__Problem__: Pictures stay out of your copy, but everything else in the records below must be repeated exactly.
━━━ Data provided ━━━
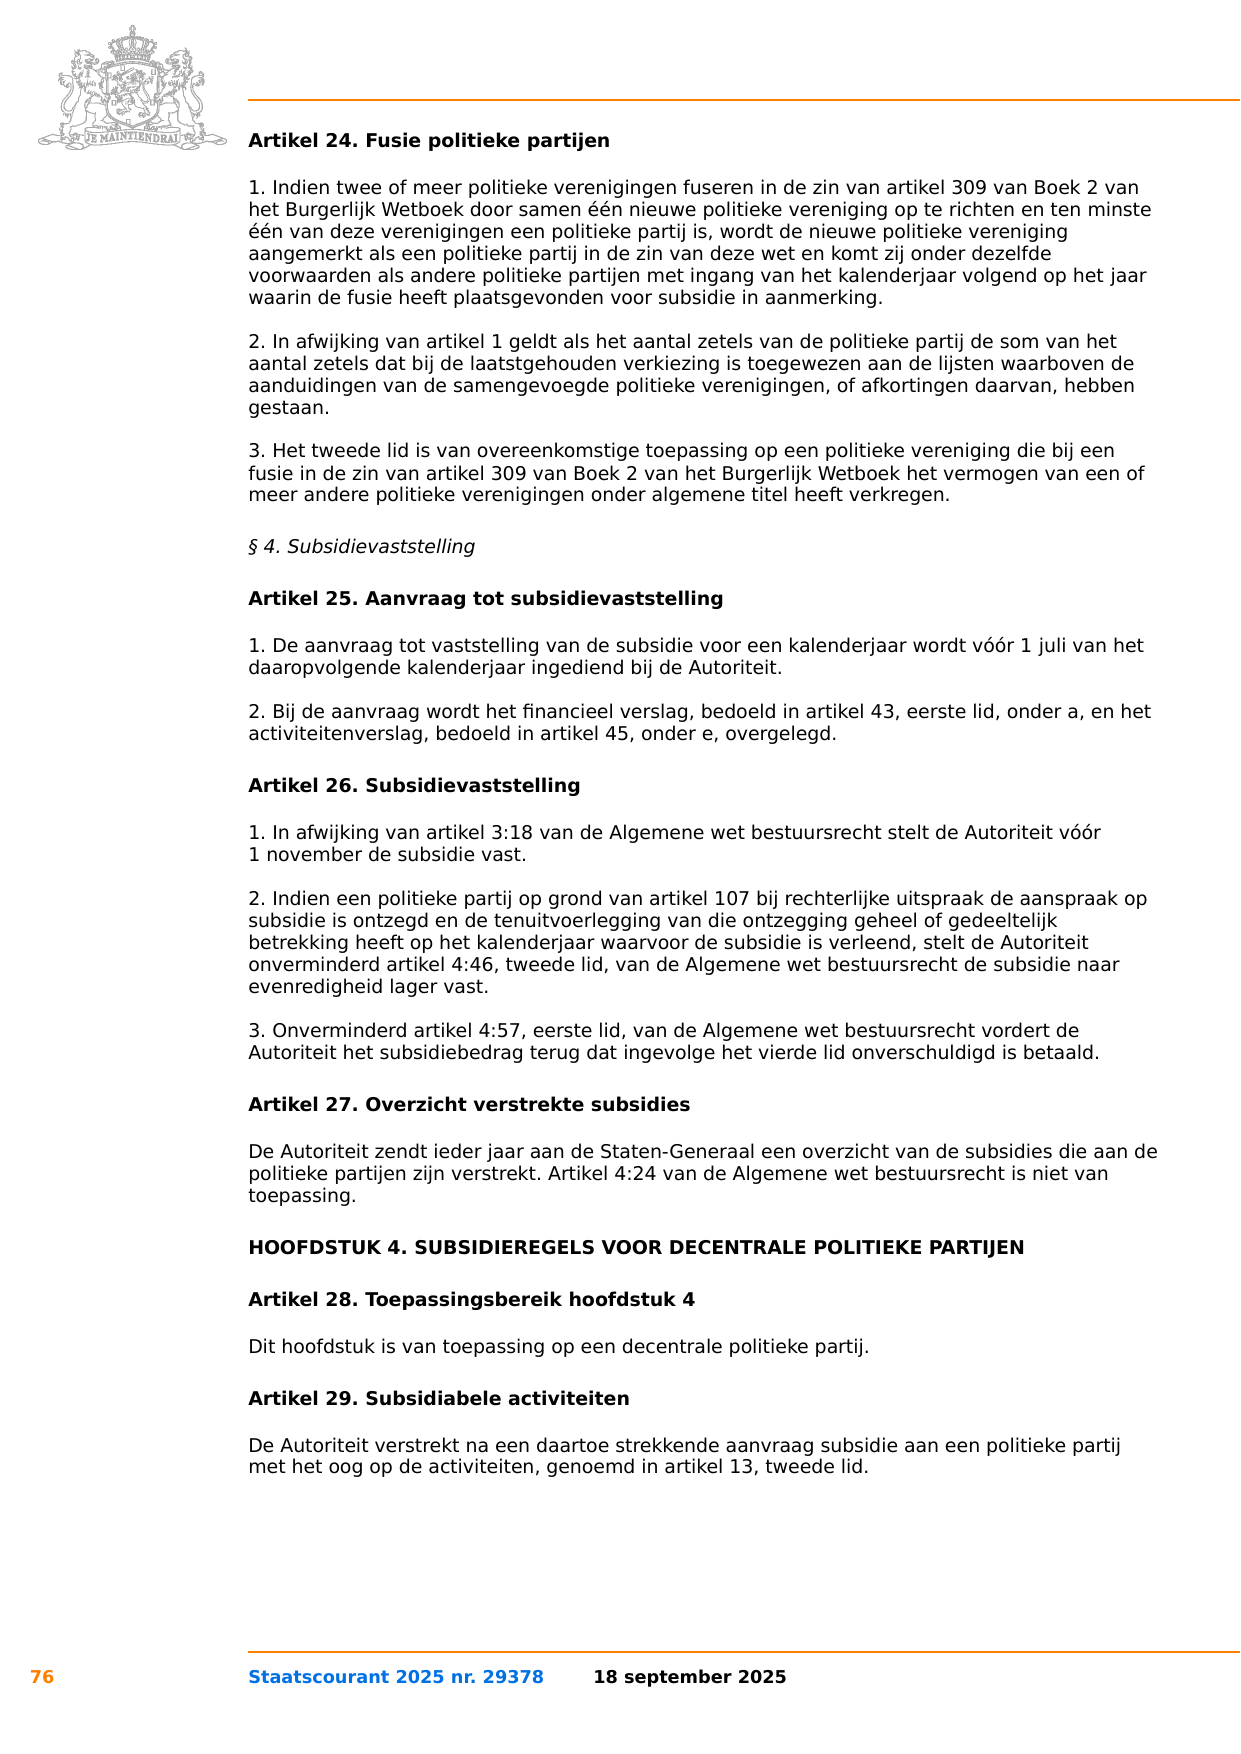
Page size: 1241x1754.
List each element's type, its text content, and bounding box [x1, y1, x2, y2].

text De Autoriteit zendt ieder jaar aan de Staten-Generaal een overzicht van de subsidies die aan de politieke partijen zijn verstrekt. Artikel 4:24 van de Algemene wet bestuursrecht is niet van toepassing. [248, 1141, 1163, 1207]
text De Autoriteit verstrekt na een daartoe strekkende aanvraag subsidie aan een politieke partij met het oog op de activiteiten, genoemd in artikel 13, tweede lid. [248, 1434, 1163, 1478]
text 2. In afwijking van artikel 1 geldt als het aantal zetels van de politieke partij de som van het aantal zetels dat bij de laatstgehouden verkiezing is toegewezen aan de lijsten waarboven de aanduidingen van de samengevoegde politieke verenigingen, of afkortingen daarvan, hebben gestaan. [248, 331, 1163, 418]
subtitle HOOFDSTUK 4. SUBSIDIEREGELS VOOR DECENTRALE POLITIEKE PARTIJEN [248, 1237, 1163, 1258]
subtitle Artikel 27. Overzicht verstrekte subsidies [248, 1094, 1163, 1116]
text 2. Indien een politieke partij op grond van artikel 107 bij rechterlijke uitspraak de aanspraak op subsidie is ontzegd en de tenuitvoerlegging van die ontzegging geheel of gedeeltelijk betrekking heeft op het kalenderjaar waarvoor de subsidie is verleend, stelt de Autoriteit onverminderd artikel 4:46, tweede lid, van de Algemene wet bestuursrecht de subsidie naar evenredigheid lager vast. [248, 888, 1163, 998]
subtitle Artikel 28. Toepassingsbereik hoofdstuk 4 [248, 1288, 1163, 1311]
text 1. In afwijking van artikel 3:18 van de Algemene wet bestuursrecht stelt de Autoriteit vóór 1 november de subsidie vast. [248, 822, 1163, 866]
subtitle Artikel 24. Fusie politieke partijen [248, 130, 1163, 152]
subtitle Artikel 29. Subsidiabele activiteiten [248, 1387, 1163, 1409]
text Dit hoofdstuk is van toepassing op een decentrale politieke partij. [248, 1336, 1163, 1357]
subtitle Artikel 25. Aanvraag tot subsidievaststelling [248, 588, 1163, 610]
text 1. De aanvraag tot vaststelling van de subsidie voor een kalenderjaar wordt vóór 1 juli van het daaropvolgende kalenderjaar ingediend bij de Autoriteit. [248, 635, 1163, 679]
text 1. Indien twee of meer politieke verenigingen fuseren in de zin van artikel 309 van Boek 2 van het Burgerlijk Wetboek door samen één nieuwe politieke vereniging op te richten en ten minste één van deze verenigingen een politieke partij is, wordt de nieuwe politieke vereniging aangemerkt als een politieke partij in de zin van deze wet en komt zij onder dezelfde voorwaarden als andere politieke partijen met ingang van het kalenderjaar volgend op het jaar waarin de fusie heeft plaatsgevonden voor subsidie in aanmerking. [248, 177, 1163, 309]
subtitle § 4. Subsidievaststelling [248, 536, 1163, 558]
text 2. Bij de aanvraag wordt het financieel verslag, bedoeld in artikel 43, eerste lid, onder a, en het activiteitenverslag, bedoeld in artikel 45, onder e, overgelegd. [248, 701, 1163, 745]
text 3. Onverminderd artikel 4:57, eerste lid, van de Algemene wet bestuursrecht vordert de Autoriteit het subsidiebedrag terug dat ingevolge het vierde lid onverschuldigd is betaald. [248, 1020, 1163, 1064]
subtitle Artikel 26. Subsidievaststelling [248, 775, 1163, 797]
picture [38, 25, 227, 150]
text 3. Het tweede lid is van overeenkomstige toepassing op een politieke vereniging die bij een fusie in de zin van artikel 309 van Boek 2 van het Burgerlijk Wetboek het vermogen van een of meer andere politieke verenigingen onder algemene titel heeft verkregen. [248, 440, 1163, 506]
━━━
__Task result__:
Page size: 1241x1754.
List each element's type, its text content, and bounding box [x1, y1, x2, y2].

text De Autoriteit zendt ieder jaar aan de Staten-Generaal een overzicht van de subsidies die aan de politieke partijen zijn verstrekt. Artikel 4:24 van de Algemene wet bestuursrecht is niet van toepassing. [248, 1141, 1163, 1207]
text De Autoriteit verstrekt na een daartoe strekkende aanvraag subsidie aan een politieke partij met het oog op de activiteiten, genoemd in artikel 13, tweede lid. [248, 1434, 1163, 1478]
text 2. In afwijking van artikel 1 geldt als het aantal zetels van de politieke partij de som van het aantal zetels dat bij de laatstgehouden verkiezing is toegewezen aan de lijsten waarboven de aanduidingen van de samengevoegde politieke verenigingen, of afkortingen daarvan, hebben gestaan. [248, 331, 1163, 418]
subtitle HOOFDSTUK 4. SUBSIDIEREGELS VOOR DECENTRALE POLITIEKE PARTIJEN [248, 1237, 1163, 1258]
subtitle Artikel 27. Overzicht verstrekte subsidies [248, 1094, 1163, 1116]
text 2. Indien een politieke partij op grond van artikel 107 bij rechterlijke uitspraak de aanspraak op subsidie is ontzegd en de tenuitvoerlegging van die ontzegging geheel of gedeeltelijk betrekking heeft op het kalenderjaar waarvoor de subsidie is verleend, stelt de Autoriteit onverminderd artikel 4:46, tweede lid, van de Algemene wet bestuursrecht de subsidie naar evenredigheid lager vast. [248, 888, 1163, 998]
subtitle Artikel 28. Toepassingsbereik hoofdstuk 4 [248, 1288, 1163, 1311]
text 1. In afwijking van artikel 3:18 van de Algemene wet bestuursrecht stelt de Autoriteit vóór 1 november de subsidie vast. [248, 822, 1163, 866]
subtitle Artikel 24. Fusie politieke partijen [248, 130, 1163, 152]
subtitle Artikel 29. Subsidiabele activiteiten [248, 1387, 1163, 1409]
text Dit hoofdstuk is van toepassing op een decentrale politieke partij. [248, 1336, 1163, 1357]
subtitle Artikel 25. Aanvraag tot subsidievaststelling [248, 588, 1163, 610]
text 1. De aanvraag tot vaststelling van de subsidie voor een kalenderjaar wordt vóór 1 juli van het daaropvolgende kalenderjaar ingediend bij de Autoriteit. [248, 635, 1163, 679]
text 1. Indien twee of meer politieke verenigingen fuseren in de zin van artikel 309 van Boek 2 van het Burgerlijk Wetboek door samen één nieuwe politieke vereniging op te richten en ten minste één van deze verenigingen een politieke partij is, wordt de nieuwe politieke vereniging aangemerkt als een politieke partij in de zin van deze wet en komt zij onder dezelfde voorwaarden als andere politieke partijen met ingang van het kalenderjaar volgend op het jaar waarin de fusie heeft plaatsgevonden voor subsidie in aanmerking. [248, 177, 1163, 309]
subtitle § 4. Subsidievaststelling [248, 536, 1163, 558]
text 2. Bij de aanvraag wordt het financieel verslag, bedoeld in artikel 43, eerste lid, onder a, en het activiteitenverslag, bedoeld in artikel 45, onder e, overgelegd. [248, 701, 1163, 745]
text 3. Onverminderd artikel 4:57, eerste lid, van de Algemene wet bestuursrecht vordert de Autoriteit het subsidiebedrag terug dat ingevolge het vierde lid onverschuldigd is betaald. [248, 1020, 1163, 1064]
subtitle Artikel 26. Subsidievaststelling [248, 775, 1163, 797]
picture [38, 25, 227, 150]
text 3. Het tweede lid is van overeenkomstige toepassing op een politieke vereniging die bij een fusie in de zin van artikel 309 van Boek 2 van het Burgerlijk Wetboek het vermogen van een of meer andere politieke verenigingen onder algemene titel heeft verkregen. [248, 440, 1163, 506]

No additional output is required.